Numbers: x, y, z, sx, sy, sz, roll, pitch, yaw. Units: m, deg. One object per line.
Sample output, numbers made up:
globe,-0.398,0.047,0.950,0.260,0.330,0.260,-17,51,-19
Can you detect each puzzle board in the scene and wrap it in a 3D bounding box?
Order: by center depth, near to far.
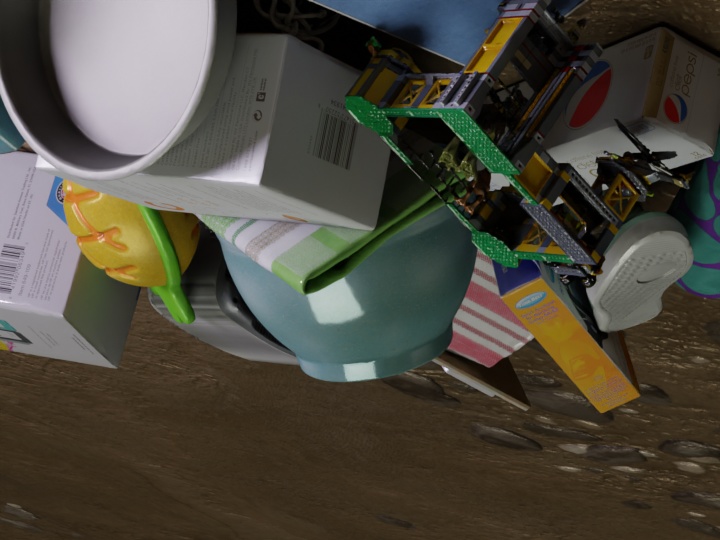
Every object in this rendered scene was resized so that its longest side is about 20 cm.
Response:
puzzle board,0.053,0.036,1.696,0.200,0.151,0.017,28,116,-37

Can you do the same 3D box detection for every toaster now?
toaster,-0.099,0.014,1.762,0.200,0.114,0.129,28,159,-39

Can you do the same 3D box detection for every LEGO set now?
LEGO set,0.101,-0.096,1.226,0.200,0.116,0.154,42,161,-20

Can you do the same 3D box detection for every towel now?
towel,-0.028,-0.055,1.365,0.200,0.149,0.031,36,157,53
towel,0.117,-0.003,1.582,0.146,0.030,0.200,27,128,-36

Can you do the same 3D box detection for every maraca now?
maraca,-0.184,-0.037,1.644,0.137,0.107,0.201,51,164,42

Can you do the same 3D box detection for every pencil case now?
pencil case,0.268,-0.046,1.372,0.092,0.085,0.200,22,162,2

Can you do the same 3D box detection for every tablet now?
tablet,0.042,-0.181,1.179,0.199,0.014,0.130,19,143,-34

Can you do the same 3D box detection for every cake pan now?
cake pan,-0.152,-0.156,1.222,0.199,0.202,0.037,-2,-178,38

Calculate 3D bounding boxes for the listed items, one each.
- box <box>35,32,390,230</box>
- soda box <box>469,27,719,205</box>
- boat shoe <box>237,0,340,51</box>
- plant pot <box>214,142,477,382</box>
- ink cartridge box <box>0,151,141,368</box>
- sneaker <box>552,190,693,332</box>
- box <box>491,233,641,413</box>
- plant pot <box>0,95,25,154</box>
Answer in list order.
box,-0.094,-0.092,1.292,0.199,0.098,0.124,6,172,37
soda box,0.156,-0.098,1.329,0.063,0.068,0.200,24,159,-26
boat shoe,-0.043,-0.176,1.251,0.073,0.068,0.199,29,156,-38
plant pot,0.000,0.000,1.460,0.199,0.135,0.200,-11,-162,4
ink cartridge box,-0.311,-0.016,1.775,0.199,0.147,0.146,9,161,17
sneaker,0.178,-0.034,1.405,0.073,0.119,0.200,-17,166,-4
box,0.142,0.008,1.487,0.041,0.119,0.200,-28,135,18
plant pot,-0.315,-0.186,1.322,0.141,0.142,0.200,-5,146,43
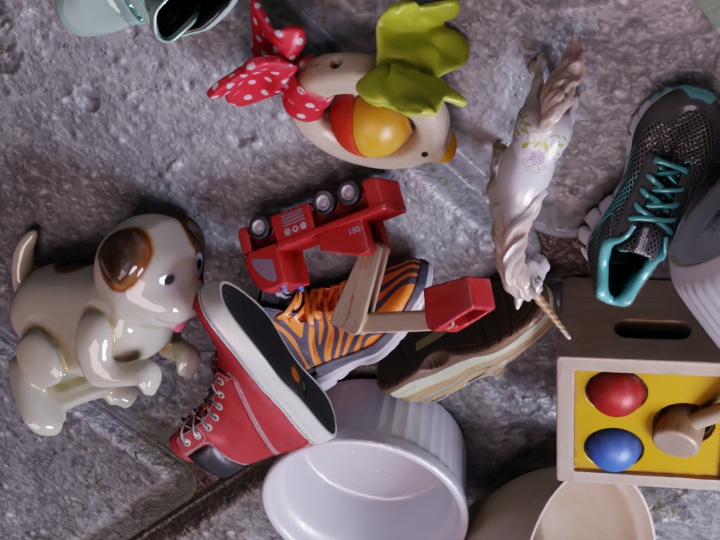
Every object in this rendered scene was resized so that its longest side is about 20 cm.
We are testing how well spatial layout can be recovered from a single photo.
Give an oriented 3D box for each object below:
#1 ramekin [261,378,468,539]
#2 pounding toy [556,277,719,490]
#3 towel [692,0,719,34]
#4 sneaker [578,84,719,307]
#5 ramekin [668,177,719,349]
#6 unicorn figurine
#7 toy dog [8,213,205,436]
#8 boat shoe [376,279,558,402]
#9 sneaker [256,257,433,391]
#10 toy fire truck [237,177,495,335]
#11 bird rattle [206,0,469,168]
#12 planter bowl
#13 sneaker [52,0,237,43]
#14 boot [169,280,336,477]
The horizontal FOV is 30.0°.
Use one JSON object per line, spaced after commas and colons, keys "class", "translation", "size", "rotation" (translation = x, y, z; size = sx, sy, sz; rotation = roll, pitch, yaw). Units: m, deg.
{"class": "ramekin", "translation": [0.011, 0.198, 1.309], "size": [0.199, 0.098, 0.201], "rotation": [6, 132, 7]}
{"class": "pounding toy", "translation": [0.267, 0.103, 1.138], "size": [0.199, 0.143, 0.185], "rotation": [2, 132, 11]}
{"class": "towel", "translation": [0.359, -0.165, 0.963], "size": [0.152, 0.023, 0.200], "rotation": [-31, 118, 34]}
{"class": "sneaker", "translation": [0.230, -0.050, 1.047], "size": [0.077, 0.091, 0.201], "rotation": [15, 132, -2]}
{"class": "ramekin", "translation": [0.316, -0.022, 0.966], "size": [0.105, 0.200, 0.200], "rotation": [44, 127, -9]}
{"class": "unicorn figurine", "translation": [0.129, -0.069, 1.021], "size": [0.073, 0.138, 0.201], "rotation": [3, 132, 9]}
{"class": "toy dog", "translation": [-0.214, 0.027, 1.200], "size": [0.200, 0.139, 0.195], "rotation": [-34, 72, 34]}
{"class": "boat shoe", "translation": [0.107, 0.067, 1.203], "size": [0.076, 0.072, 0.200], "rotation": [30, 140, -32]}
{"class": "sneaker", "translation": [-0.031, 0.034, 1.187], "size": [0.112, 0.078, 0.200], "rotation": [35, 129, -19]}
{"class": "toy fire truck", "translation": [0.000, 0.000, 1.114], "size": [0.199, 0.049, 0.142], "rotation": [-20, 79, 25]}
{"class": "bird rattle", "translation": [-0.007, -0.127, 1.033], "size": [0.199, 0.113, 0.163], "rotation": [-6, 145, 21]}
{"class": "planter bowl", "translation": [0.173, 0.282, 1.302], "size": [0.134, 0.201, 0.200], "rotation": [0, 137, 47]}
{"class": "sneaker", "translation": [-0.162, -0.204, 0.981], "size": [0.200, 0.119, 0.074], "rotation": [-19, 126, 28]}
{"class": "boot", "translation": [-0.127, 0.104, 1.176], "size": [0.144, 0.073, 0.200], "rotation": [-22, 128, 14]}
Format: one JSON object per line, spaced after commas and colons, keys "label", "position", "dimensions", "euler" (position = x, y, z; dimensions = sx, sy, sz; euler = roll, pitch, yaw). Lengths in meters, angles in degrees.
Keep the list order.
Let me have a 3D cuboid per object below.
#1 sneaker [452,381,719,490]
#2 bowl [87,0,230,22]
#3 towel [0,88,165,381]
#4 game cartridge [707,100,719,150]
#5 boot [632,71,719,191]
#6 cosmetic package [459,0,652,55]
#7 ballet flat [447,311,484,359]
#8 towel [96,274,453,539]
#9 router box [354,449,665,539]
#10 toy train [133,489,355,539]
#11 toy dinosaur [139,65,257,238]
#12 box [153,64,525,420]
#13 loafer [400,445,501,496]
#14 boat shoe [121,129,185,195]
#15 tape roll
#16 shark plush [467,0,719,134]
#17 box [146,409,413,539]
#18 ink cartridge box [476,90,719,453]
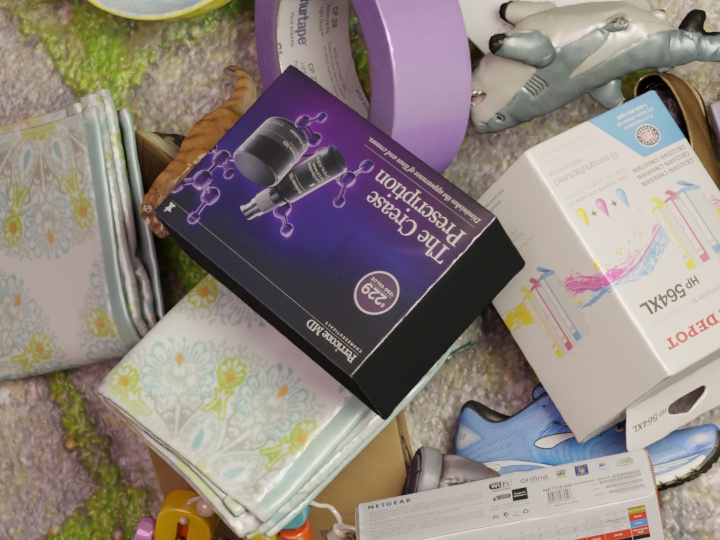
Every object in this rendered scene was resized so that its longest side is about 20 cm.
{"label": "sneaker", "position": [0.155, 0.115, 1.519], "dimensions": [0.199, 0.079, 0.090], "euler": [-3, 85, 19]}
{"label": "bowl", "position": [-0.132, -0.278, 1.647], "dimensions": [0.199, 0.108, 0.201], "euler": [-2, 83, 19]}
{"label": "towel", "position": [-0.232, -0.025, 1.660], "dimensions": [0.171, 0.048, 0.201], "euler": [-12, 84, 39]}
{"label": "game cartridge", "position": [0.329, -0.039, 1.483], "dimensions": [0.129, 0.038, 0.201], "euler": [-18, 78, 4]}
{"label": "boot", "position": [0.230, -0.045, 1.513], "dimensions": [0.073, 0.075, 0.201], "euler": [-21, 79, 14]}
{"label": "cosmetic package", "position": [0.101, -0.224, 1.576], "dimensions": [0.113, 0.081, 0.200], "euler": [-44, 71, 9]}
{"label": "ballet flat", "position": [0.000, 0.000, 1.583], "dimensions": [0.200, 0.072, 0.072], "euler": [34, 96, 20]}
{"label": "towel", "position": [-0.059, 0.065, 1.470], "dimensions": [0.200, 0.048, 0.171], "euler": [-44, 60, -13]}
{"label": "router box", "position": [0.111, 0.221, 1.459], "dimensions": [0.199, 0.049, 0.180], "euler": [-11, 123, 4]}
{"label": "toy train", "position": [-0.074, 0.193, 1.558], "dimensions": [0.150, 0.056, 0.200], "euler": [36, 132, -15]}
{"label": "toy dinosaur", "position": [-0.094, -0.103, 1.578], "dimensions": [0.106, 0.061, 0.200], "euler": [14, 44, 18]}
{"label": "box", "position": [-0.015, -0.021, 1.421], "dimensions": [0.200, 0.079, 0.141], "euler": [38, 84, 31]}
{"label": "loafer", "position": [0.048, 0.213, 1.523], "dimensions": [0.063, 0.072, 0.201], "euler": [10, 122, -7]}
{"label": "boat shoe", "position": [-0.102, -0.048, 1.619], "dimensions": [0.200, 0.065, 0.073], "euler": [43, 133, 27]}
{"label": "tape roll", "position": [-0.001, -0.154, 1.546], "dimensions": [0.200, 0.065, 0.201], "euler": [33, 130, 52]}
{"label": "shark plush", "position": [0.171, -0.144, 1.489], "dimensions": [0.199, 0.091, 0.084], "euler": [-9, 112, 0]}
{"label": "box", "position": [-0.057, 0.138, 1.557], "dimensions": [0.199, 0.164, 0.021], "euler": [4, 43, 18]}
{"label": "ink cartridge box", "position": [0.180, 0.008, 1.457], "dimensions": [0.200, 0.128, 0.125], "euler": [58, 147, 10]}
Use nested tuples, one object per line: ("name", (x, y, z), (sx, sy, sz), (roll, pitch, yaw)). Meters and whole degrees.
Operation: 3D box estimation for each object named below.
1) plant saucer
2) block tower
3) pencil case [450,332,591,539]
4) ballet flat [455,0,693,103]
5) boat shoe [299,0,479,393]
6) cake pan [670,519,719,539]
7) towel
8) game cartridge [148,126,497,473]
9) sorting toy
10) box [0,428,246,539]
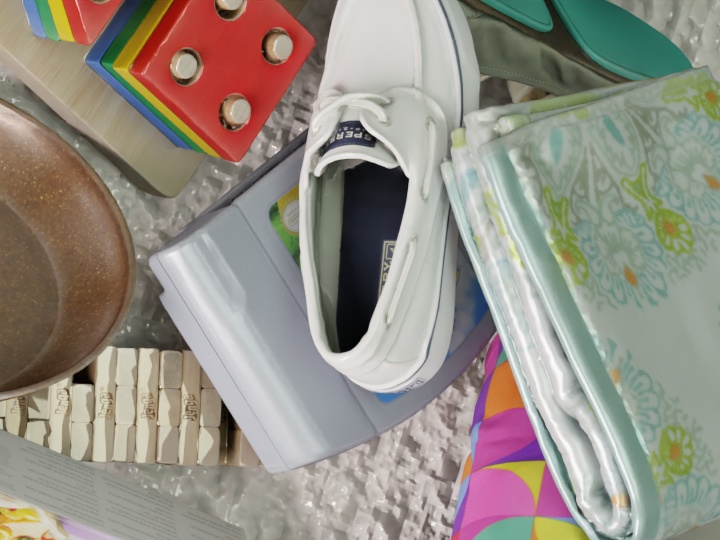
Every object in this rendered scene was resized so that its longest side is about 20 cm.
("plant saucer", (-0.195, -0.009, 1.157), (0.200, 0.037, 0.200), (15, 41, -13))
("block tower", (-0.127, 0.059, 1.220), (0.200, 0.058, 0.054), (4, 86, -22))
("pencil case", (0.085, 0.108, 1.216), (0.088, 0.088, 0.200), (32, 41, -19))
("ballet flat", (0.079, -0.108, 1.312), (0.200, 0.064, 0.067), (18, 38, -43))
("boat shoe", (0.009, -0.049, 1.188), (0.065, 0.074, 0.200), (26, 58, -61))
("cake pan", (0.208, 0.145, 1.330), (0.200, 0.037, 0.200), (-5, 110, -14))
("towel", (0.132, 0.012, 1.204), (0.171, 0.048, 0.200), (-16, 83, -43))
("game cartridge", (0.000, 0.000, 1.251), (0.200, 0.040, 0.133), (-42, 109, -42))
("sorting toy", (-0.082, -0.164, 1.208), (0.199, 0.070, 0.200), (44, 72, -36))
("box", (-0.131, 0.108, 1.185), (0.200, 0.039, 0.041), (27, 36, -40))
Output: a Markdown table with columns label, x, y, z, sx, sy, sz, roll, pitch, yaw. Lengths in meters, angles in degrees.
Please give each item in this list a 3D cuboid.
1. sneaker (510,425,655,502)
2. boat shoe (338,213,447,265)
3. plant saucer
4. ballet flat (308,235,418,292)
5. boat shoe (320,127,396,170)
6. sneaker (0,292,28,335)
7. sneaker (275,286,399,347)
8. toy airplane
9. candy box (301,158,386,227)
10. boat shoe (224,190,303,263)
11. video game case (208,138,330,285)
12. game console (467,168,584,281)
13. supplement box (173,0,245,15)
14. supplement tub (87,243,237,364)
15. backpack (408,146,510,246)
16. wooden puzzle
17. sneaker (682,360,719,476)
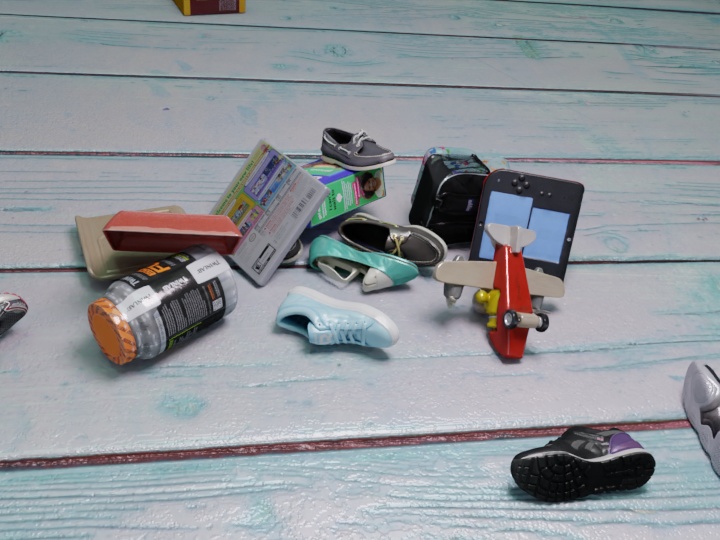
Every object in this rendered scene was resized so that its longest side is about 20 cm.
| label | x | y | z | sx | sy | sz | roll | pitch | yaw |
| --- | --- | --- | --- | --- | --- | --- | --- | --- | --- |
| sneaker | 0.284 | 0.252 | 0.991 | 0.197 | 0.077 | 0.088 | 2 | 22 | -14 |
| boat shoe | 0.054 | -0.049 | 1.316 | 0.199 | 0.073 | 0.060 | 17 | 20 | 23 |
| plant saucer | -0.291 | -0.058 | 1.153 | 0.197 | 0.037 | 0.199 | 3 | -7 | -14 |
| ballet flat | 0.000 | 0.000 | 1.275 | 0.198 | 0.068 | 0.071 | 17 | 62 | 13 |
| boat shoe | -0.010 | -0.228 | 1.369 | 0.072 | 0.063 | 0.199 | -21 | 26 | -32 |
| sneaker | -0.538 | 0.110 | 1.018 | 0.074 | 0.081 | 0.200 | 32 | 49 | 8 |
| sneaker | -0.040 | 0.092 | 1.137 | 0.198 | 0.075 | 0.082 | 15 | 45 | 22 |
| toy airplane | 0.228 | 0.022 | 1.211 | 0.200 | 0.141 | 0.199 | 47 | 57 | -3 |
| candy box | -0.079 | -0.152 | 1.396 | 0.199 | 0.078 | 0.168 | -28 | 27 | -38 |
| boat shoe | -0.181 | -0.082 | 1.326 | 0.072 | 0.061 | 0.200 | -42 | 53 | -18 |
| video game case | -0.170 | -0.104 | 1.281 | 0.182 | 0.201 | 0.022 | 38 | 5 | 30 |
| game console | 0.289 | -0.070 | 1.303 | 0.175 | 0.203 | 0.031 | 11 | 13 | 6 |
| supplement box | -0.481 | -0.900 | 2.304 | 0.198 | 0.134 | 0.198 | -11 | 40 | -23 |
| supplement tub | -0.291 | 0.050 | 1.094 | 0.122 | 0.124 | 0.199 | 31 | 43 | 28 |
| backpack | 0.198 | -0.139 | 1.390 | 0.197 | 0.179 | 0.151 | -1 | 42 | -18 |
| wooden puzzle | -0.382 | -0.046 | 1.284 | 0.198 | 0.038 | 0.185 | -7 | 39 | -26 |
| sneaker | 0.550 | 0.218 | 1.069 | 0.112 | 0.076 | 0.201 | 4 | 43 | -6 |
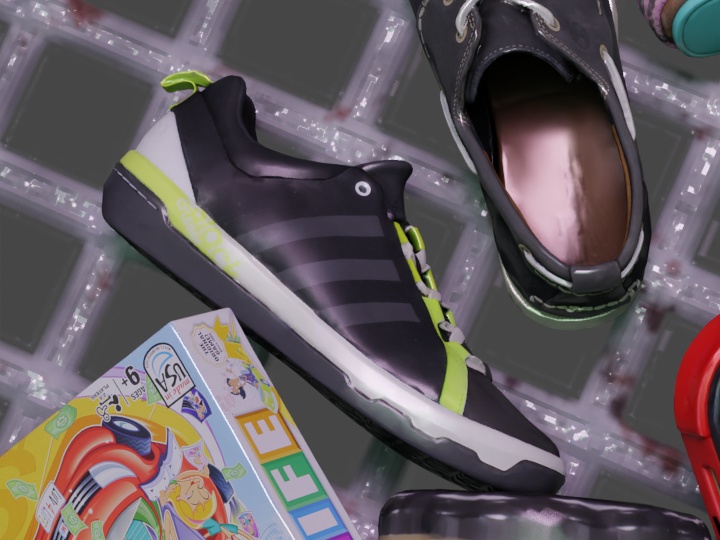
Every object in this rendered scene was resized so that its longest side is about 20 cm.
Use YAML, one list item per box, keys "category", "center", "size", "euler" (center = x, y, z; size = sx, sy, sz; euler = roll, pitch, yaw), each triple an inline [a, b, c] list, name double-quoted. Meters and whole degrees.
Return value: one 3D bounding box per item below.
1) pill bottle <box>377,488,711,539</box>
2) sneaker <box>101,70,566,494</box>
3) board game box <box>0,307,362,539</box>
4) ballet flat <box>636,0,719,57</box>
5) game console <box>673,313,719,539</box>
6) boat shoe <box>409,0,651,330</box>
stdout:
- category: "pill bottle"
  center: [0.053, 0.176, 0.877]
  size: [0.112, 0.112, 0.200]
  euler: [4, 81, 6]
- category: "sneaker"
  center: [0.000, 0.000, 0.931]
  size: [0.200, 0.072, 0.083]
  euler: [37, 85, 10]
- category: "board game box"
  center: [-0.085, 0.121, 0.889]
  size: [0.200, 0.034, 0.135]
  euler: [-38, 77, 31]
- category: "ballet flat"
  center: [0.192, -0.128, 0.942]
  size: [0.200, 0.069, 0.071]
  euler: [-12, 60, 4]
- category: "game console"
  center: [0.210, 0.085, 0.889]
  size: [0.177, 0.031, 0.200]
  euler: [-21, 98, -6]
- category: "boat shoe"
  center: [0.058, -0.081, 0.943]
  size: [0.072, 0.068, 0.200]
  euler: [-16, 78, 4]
····················
TASK INSTRUCTIONS: Filter the data above, keeping only lines that include the string "bounding".

SOLUTION TO THIS TASK:
Can you detect each puzzle board in the scene and wrap it in a 3D bounding box?
Calculate 3D bounding boxes for the listed items, one each.
Return value: one 3D bounding box per item below.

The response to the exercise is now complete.